■ **Work instruction**:
Starting with the line that contains "9) traffic sign" and stopping after the line that contains "14) street light", copy the entries below exactly. Include nothing else.

:::::

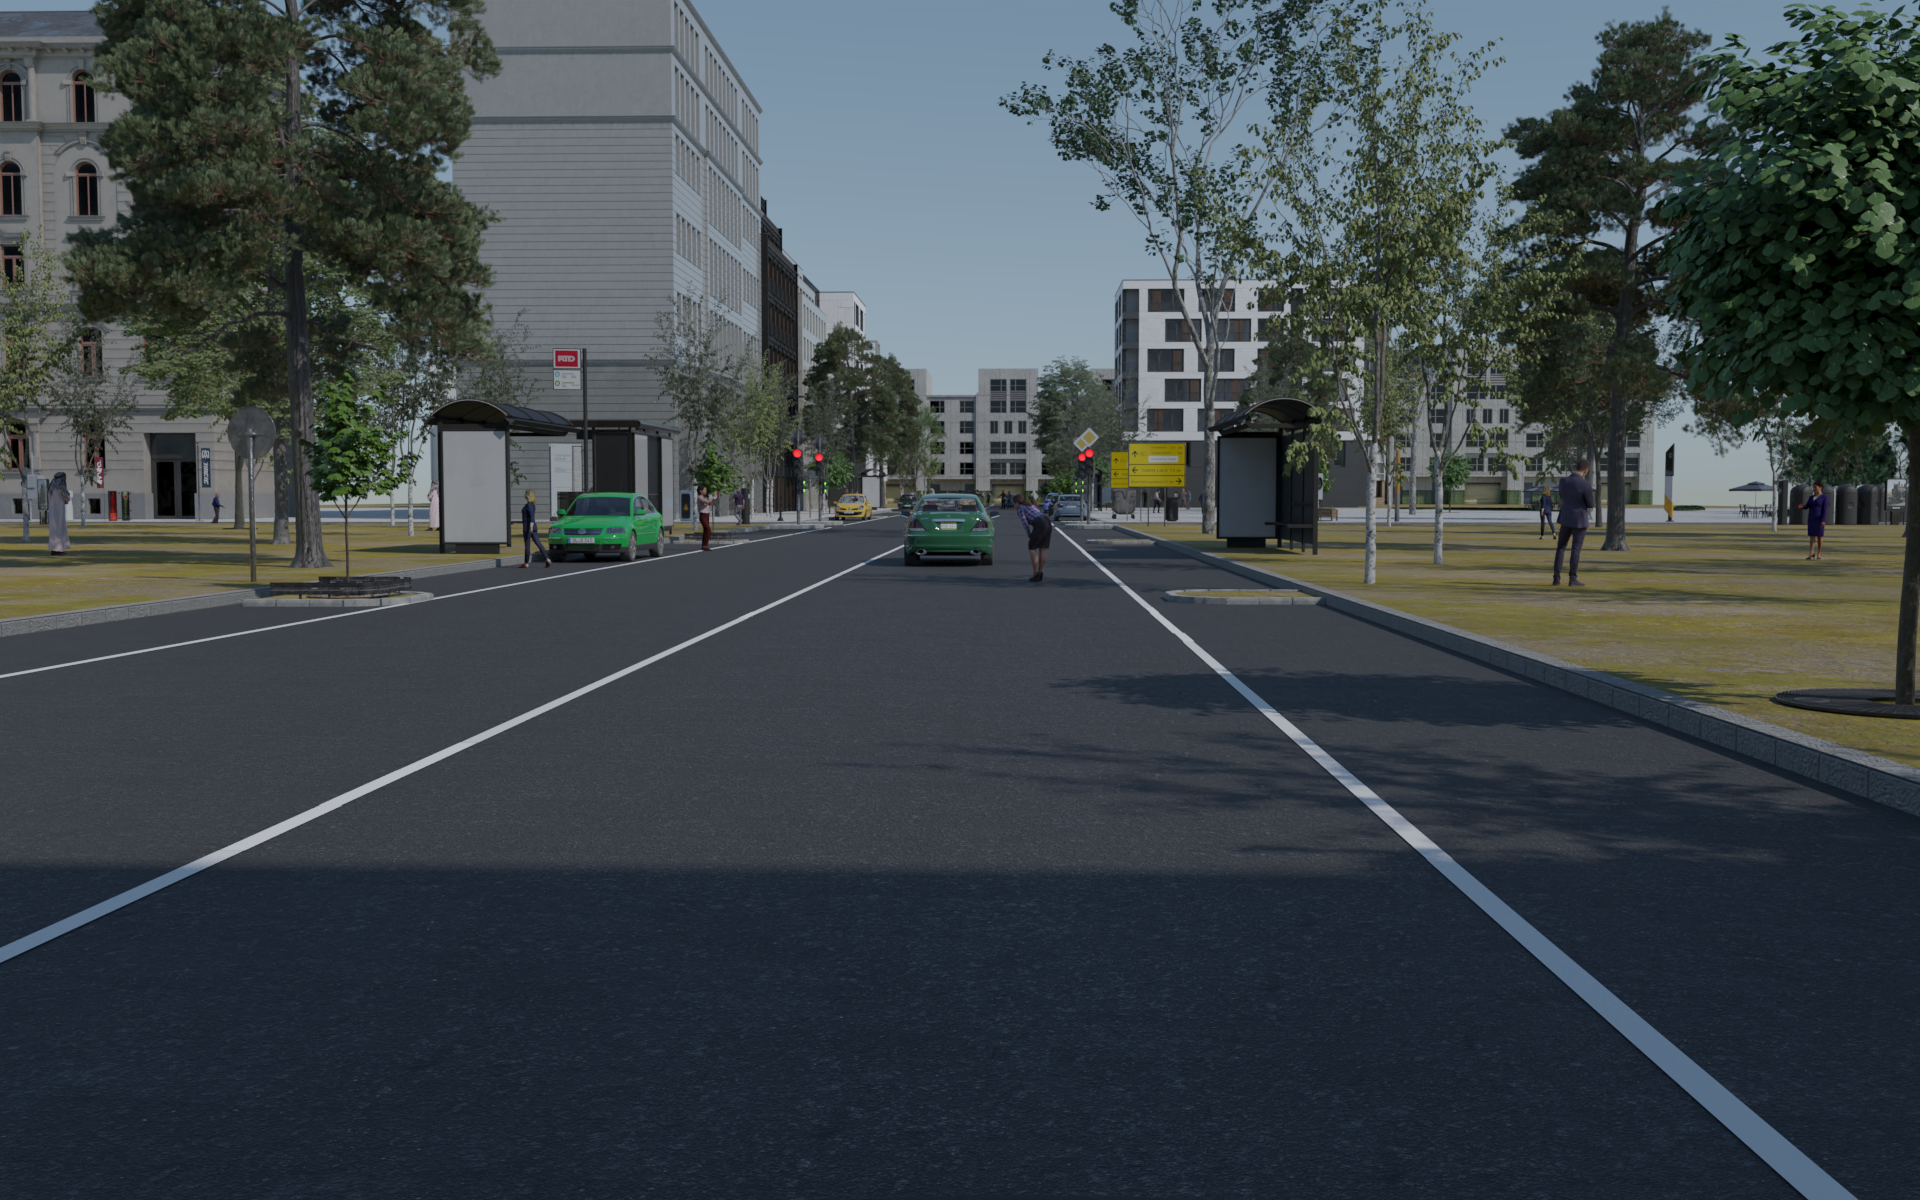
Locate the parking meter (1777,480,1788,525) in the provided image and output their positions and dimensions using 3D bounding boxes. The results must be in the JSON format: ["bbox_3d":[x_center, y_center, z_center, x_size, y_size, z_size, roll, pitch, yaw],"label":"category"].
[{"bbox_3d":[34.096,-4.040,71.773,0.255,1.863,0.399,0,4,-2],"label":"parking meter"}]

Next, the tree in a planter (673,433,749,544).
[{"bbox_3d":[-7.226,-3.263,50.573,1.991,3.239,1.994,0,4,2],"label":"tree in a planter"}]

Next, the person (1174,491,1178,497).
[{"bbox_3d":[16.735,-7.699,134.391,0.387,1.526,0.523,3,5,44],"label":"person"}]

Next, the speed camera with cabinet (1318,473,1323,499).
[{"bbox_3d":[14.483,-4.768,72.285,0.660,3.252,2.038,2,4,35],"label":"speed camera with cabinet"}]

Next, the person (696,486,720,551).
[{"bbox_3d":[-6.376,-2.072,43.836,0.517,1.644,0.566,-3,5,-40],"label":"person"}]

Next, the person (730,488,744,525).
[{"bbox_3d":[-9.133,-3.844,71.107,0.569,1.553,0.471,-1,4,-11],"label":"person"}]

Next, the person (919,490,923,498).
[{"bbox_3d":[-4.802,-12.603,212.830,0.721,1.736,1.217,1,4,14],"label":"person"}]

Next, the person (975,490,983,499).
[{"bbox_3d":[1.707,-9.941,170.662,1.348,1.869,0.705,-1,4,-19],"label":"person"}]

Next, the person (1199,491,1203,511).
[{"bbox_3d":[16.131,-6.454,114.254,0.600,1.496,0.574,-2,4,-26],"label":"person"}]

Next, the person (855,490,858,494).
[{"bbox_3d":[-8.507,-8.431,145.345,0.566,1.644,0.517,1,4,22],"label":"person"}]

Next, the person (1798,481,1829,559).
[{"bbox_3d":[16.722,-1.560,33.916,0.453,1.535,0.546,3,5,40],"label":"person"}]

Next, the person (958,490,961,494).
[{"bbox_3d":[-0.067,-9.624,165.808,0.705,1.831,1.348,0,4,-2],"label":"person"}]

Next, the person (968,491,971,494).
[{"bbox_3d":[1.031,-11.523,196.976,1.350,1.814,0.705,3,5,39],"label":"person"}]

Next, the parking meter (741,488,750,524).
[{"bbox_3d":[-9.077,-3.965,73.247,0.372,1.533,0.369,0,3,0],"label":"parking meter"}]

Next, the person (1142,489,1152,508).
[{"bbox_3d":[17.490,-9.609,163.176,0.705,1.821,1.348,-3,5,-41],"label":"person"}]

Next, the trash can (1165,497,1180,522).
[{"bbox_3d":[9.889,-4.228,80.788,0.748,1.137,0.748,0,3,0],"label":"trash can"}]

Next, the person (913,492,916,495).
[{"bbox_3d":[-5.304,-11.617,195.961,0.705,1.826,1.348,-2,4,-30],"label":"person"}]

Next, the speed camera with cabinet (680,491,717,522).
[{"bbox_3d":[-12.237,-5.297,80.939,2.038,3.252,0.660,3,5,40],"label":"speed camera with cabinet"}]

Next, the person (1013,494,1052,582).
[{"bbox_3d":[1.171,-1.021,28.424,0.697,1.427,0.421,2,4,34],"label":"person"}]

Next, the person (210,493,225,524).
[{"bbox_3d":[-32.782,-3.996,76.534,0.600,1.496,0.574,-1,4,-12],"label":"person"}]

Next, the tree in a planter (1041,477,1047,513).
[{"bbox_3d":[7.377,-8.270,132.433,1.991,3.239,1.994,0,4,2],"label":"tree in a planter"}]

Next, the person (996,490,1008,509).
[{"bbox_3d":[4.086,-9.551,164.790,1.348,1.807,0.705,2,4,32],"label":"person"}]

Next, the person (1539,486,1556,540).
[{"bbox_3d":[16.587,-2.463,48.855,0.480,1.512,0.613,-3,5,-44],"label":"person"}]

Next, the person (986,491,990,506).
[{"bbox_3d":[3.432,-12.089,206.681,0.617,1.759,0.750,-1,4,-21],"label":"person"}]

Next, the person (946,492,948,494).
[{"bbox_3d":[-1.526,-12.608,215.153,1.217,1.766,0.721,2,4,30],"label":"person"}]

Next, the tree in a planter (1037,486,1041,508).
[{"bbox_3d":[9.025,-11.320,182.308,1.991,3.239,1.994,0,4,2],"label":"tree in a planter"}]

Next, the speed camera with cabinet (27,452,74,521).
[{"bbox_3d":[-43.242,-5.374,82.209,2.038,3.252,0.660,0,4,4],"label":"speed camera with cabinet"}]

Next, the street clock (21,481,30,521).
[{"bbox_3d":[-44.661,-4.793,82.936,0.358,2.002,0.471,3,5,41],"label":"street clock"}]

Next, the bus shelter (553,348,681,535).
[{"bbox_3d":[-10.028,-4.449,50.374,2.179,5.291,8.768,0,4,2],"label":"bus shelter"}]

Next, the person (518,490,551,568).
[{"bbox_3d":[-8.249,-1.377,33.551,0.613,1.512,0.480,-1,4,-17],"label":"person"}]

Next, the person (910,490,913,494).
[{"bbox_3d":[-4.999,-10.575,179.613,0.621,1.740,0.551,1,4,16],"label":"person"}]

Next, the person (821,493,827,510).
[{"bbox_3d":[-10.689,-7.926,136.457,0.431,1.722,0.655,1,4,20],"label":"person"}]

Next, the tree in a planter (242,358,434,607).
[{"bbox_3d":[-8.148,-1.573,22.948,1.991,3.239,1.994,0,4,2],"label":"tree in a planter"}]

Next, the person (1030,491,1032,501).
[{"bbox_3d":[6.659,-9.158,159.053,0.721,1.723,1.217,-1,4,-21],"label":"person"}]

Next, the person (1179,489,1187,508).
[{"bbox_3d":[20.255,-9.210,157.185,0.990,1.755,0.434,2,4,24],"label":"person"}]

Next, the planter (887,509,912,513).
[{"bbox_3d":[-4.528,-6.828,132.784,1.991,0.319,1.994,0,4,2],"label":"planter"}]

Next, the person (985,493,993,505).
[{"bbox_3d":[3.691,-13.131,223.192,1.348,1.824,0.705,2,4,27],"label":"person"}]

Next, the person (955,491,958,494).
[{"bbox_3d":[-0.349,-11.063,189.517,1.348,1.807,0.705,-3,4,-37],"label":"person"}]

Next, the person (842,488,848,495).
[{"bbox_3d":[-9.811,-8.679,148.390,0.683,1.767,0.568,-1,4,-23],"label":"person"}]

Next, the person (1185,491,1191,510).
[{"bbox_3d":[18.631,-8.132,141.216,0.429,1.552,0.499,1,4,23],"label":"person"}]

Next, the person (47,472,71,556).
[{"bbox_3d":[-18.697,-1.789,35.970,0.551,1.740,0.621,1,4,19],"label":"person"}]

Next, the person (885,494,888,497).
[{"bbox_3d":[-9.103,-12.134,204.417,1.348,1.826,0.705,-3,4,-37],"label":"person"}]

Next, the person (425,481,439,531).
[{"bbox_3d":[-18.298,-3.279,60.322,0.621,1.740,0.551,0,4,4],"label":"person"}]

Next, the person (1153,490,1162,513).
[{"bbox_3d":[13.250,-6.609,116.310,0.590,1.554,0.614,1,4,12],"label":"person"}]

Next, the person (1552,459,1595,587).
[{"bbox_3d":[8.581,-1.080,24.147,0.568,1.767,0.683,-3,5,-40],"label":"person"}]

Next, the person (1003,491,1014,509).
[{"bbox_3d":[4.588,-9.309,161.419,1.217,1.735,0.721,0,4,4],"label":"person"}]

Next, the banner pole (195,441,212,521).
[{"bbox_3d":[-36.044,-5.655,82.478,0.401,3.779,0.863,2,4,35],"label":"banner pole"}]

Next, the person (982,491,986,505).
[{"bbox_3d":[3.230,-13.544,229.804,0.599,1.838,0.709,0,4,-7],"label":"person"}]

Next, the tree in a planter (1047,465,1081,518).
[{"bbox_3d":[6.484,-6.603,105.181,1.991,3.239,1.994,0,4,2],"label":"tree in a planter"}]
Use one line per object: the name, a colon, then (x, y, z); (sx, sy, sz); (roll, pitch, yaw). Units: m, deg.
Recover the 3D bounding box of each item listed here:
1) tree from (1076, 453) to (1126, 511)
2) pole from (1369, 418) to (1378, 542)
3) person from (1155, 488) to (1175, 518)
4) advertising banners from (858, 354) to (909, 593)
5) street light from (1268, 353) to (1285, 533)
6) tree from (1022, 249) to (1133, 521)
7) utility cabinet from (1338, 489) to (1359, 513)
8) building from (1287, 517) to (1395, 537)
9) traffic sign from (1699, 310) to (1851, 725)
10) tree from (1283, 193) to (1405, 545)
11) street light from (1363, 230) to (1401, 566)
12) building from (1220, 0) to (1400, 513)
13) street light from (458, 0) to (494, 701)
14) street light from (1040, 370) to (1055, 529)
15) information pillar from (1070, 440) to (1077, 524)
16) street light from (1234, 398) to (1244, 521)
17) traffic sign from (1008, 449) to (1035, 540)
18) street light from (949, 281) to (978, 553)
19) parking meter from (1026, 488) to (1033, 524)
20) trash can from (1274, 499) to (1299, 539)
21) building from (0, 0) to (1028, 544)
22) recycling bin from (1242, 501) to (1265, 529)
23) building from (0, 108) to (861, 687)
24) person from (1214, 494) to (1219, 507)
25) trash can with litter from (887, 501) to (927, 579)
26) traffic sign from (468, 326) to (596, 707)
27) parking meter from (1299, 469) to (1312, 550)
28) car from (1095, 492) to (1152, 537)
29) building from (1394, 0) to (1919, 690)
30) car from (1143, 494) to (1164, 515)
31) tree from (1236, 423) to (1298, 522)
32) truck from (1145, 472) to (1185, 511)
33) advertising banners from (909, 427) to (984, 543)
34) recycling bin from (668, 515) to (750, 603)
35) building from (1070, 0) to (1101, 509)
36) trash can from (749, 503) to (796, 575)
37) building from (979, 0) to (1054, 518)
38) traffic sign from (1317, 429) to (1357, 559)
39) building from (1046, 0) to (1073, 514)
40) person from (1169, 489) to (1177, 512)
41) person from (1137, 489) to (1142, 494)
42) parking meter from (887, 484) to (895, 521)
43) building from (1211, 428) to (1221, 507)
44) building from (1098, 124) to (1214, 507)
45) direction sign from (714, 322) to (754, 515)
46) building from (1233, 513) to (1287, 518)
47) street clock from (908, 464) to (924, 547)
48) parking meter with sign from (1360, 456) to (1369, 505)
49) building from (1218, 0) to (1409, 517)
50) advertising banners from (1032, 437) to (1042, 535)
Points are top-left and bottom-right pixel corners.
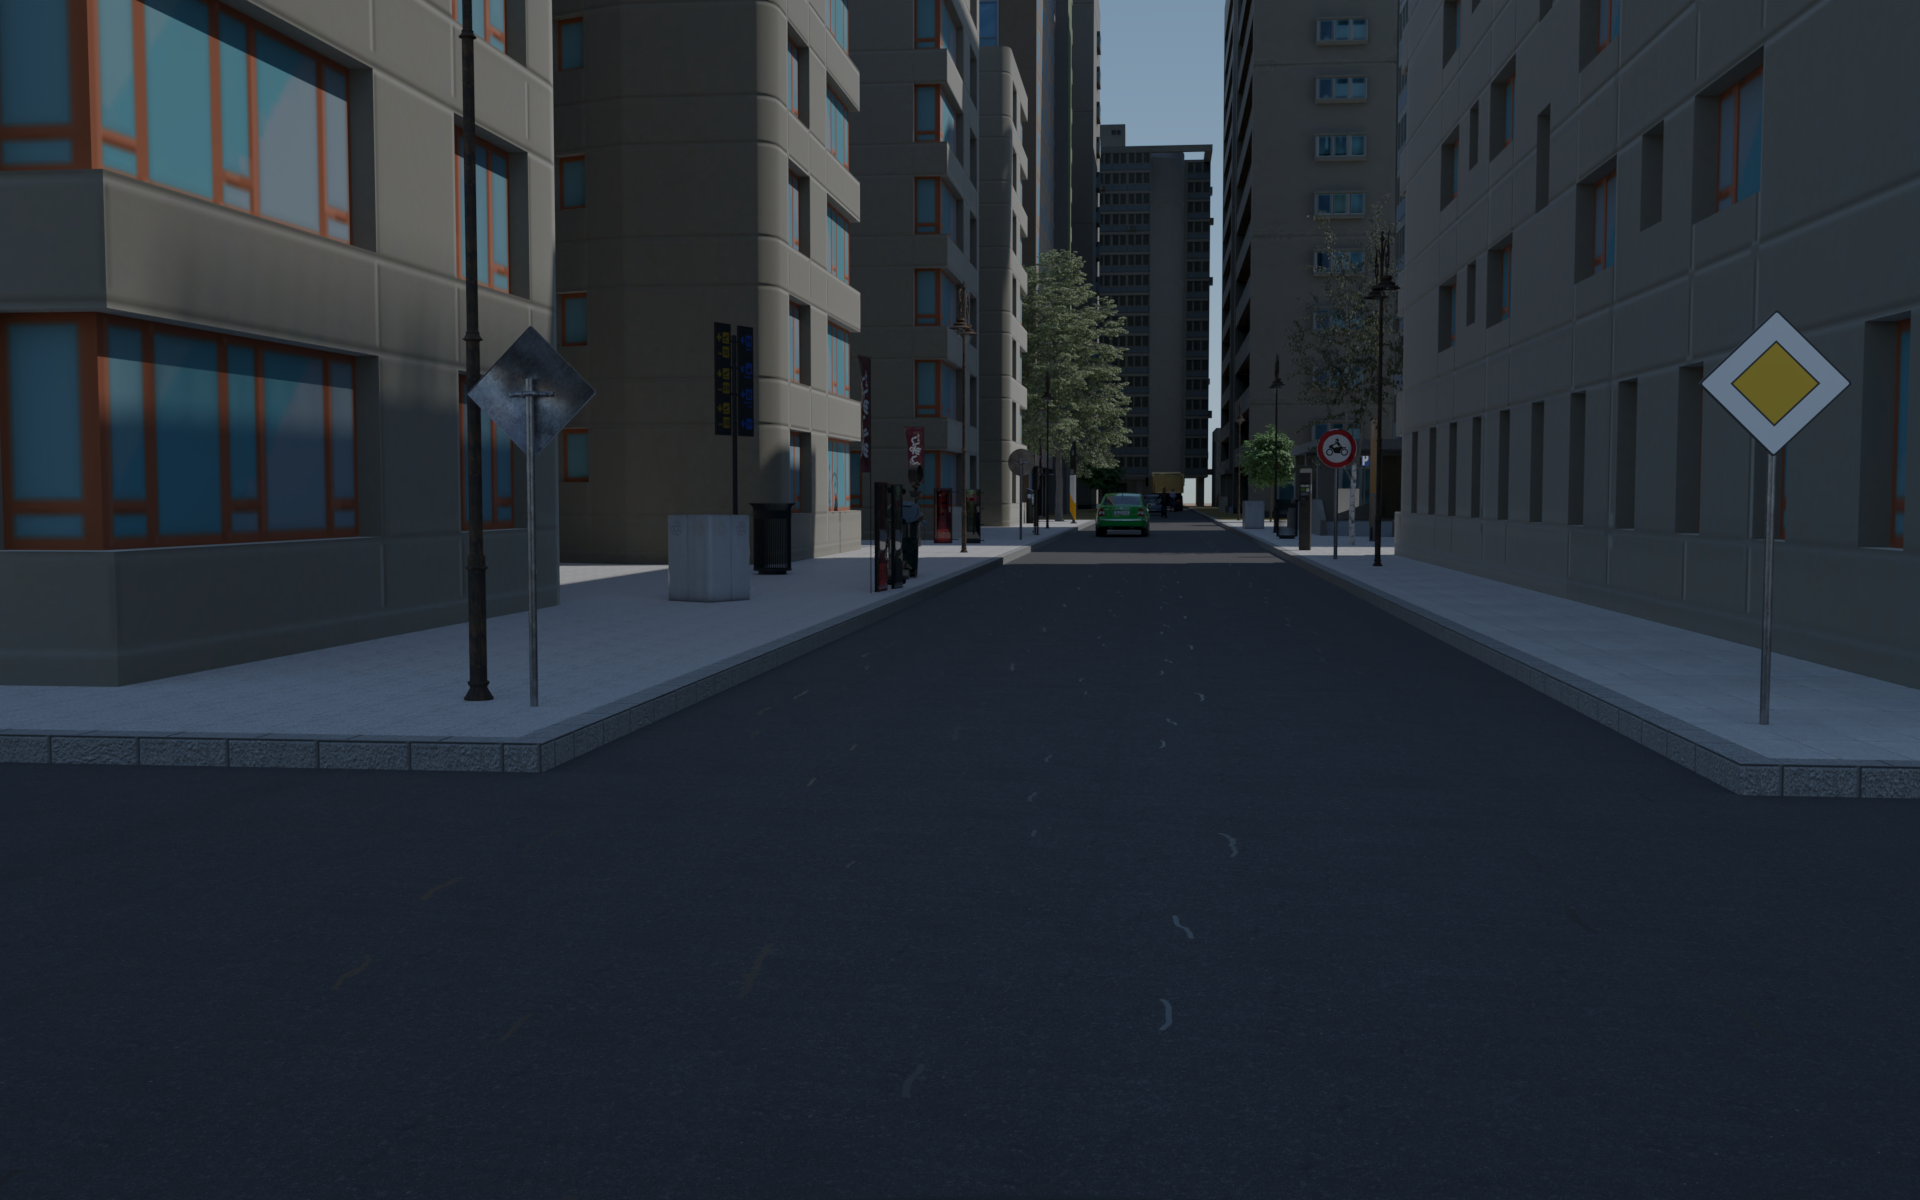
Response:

:::::

■ **Exercise response**:
9) traffic sign from (1699, 310) to (1851, 725)
10) tree from (1283, 193) to (1405, 545)
11) street light from (1363, 230) to (1401, 566)
12) building from (1220, 0) to (1400, 513)
13) street light from (458, 0) to (494, 701)
14) street light from (1040, 370) to (1055, 529)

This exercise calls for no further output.